- Provided data -
++++++++++++++++++++

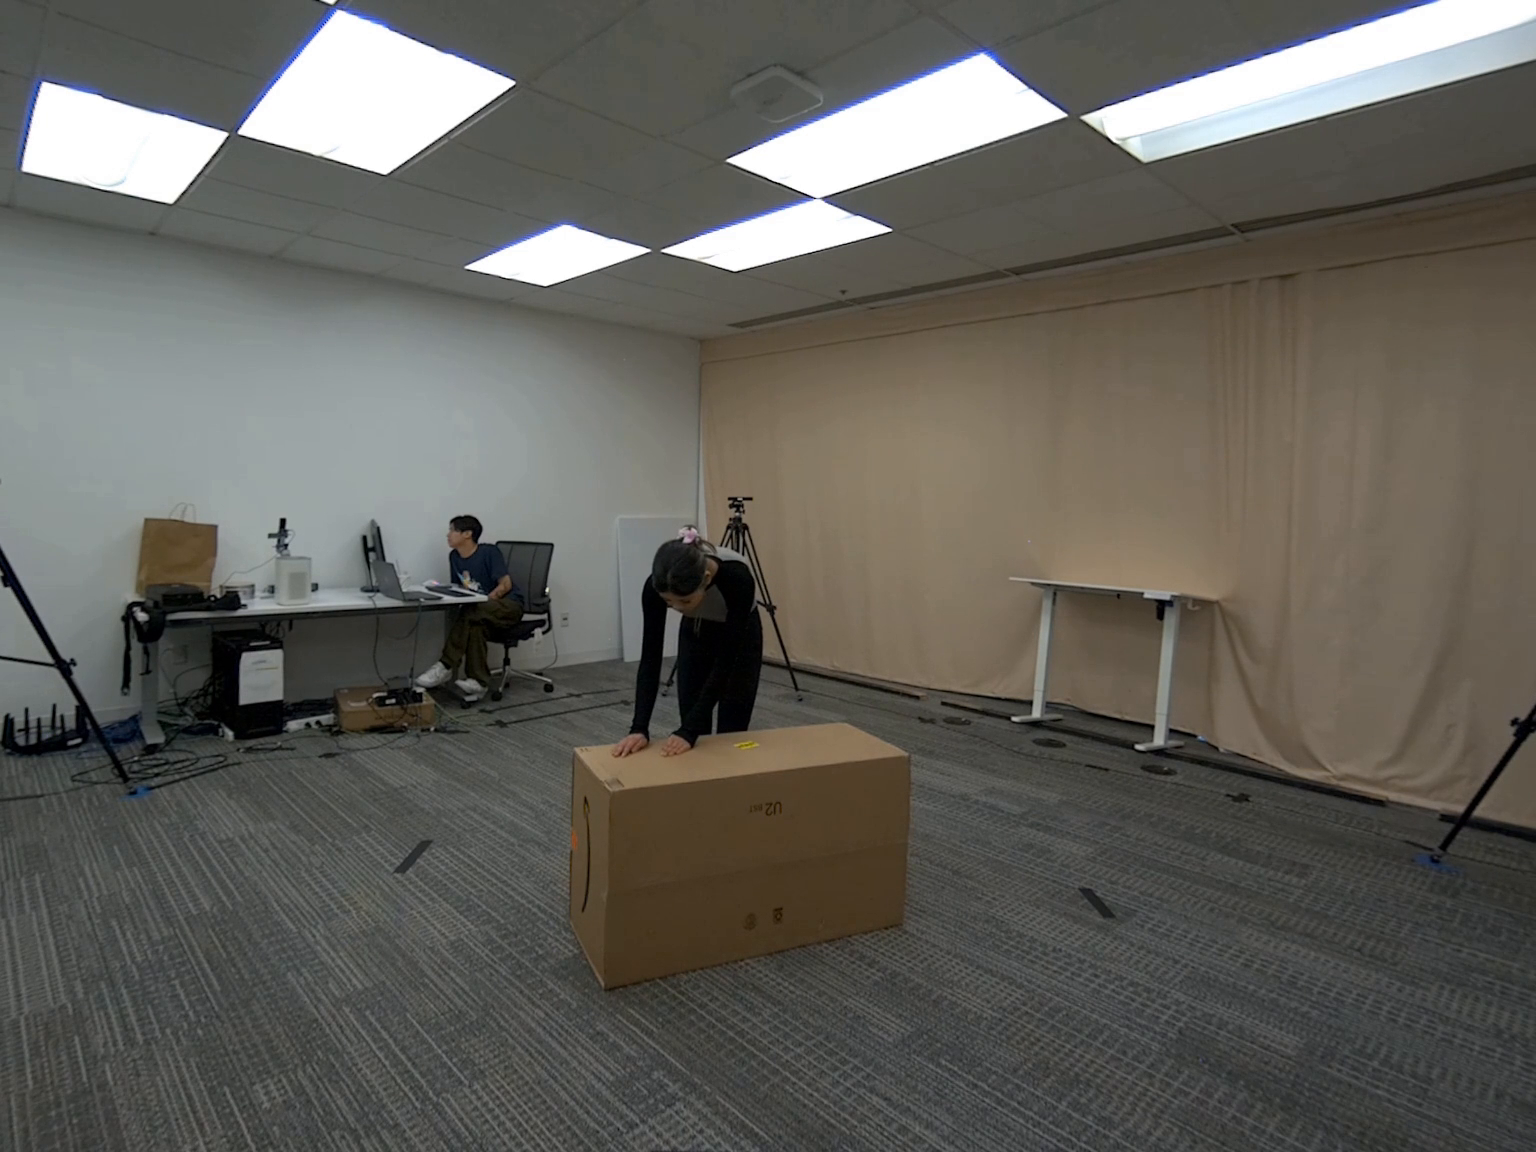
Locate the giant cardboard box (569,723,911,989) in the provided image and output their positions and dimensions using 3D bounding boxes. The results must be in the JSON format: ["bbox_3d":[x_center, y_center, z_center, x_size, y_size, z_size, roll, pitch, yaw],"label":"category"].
[{"bbox_3d":[-0.092,0.854,2.740,1.008,0.576,0.435,0,4,-24],"label":"giant cardboard box"}]
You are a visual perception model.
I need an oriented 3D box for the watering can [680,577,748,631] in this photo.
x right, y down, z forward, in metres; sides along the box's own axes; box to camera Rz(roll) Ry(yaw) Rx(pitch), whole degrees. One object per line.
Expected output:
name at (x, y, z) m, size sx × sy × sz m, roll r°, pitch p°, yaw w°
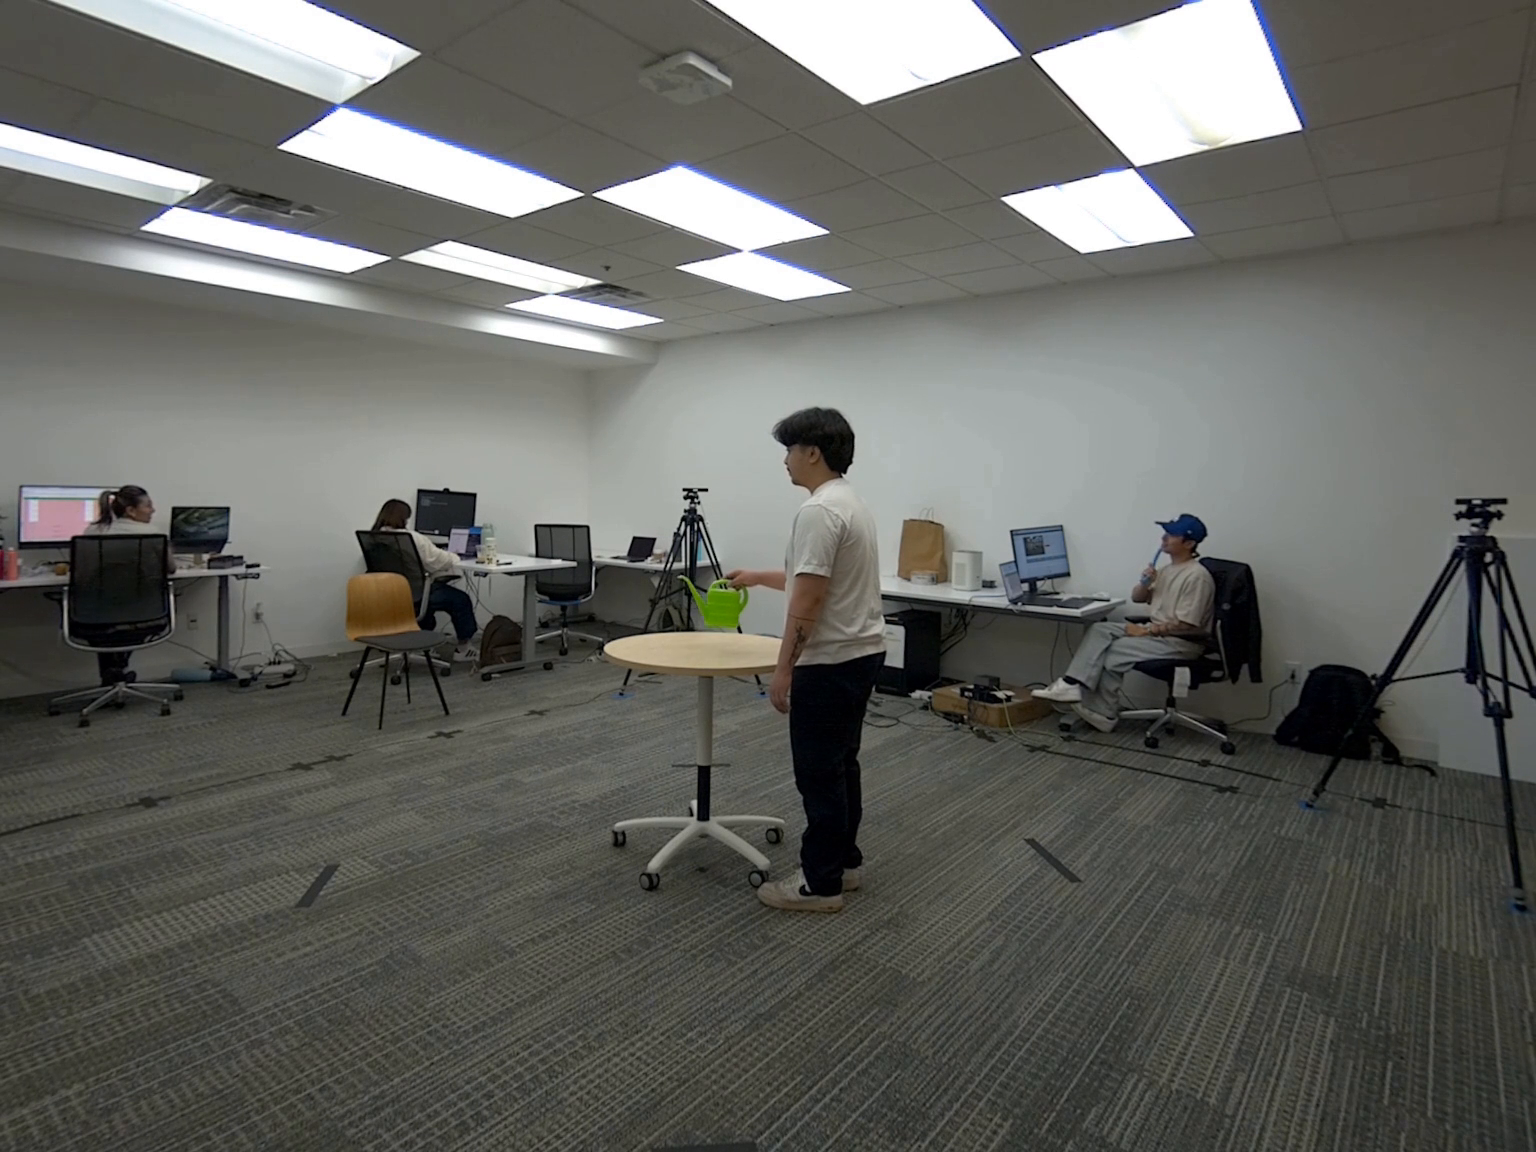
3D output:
watering can at (-0.224, 0.097, 3.179) m, size 0.276 × 0.177 × 0.099 m, roll 6°, pitch -1°, yaw -8°
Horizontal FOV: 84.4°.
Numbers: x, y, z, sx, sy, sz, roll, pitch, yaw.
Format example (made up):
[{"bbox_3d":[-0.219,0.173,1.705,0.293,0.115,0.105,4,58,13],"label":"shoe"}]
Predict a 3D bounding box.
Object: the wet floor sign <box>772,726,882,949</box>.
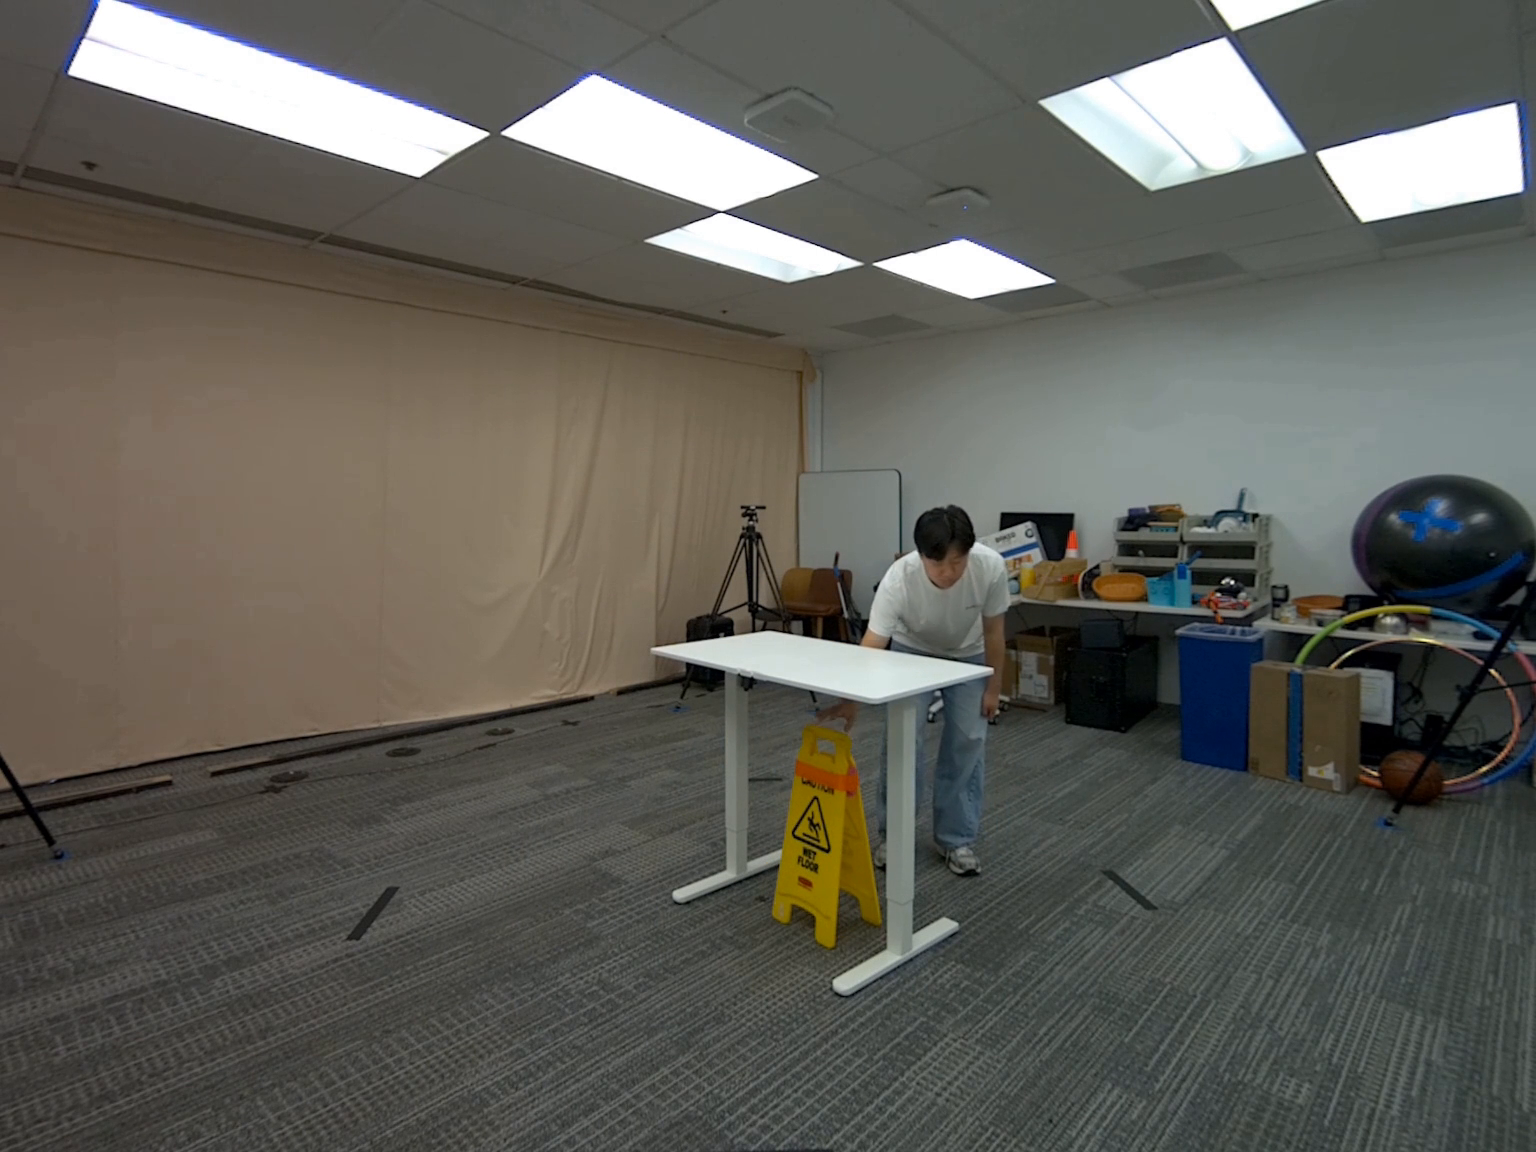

++++++++++++++++++++

- Brief -
Print all entries exactly, without images.

- Answer area -
Locate the giant cardboard box (569,723,911,989) in the provided image and output their positions and dimensions using 3D bounding boxes. The results must be in the JSON format: ["bbox_3d":[x_center, y_center, z_center, x_size, y_size, z_size, roll, pitch, yaw],"label":"category"].
[{"bbox_3d":[-0.092,0.854,2.740,1.008,0.576,0.435,0,4,-24],"label":"giant cardboard box"}]
You are a visual perception model.
I need an oriented 3D box for the watering can [680,577,748,631] in this photo.
x right, y down, z forward, in metres; sides along the box's own axes; box to camera Rz(roll) Ry(yaw) Rx(pitch), whole degrees. One object per line.
Expected output:
name at (x, y, z) m, size sx × sy × sz m, roll r°, pitch p°, yaw w°
3D output:
watering can at (-0.224, 0.097, 3.179) m, size 0.276 × 0.177 × 0.099 m, roll 6°, pitch -1°, yaw -8°
Horizontal FOV: 84.4°.
Numbers: x, y, z, sx, sy, sz, roll, pitch, yaw.
Format example (made up):
[{"bbox_3d":[-0.219,0.173,1.705,0.293,0.115,0.105,4,58,13],"label":"shoe"}]
Predict a 3D bounding box.
Object: the wet floor sign <box>772,726,882,949</box>.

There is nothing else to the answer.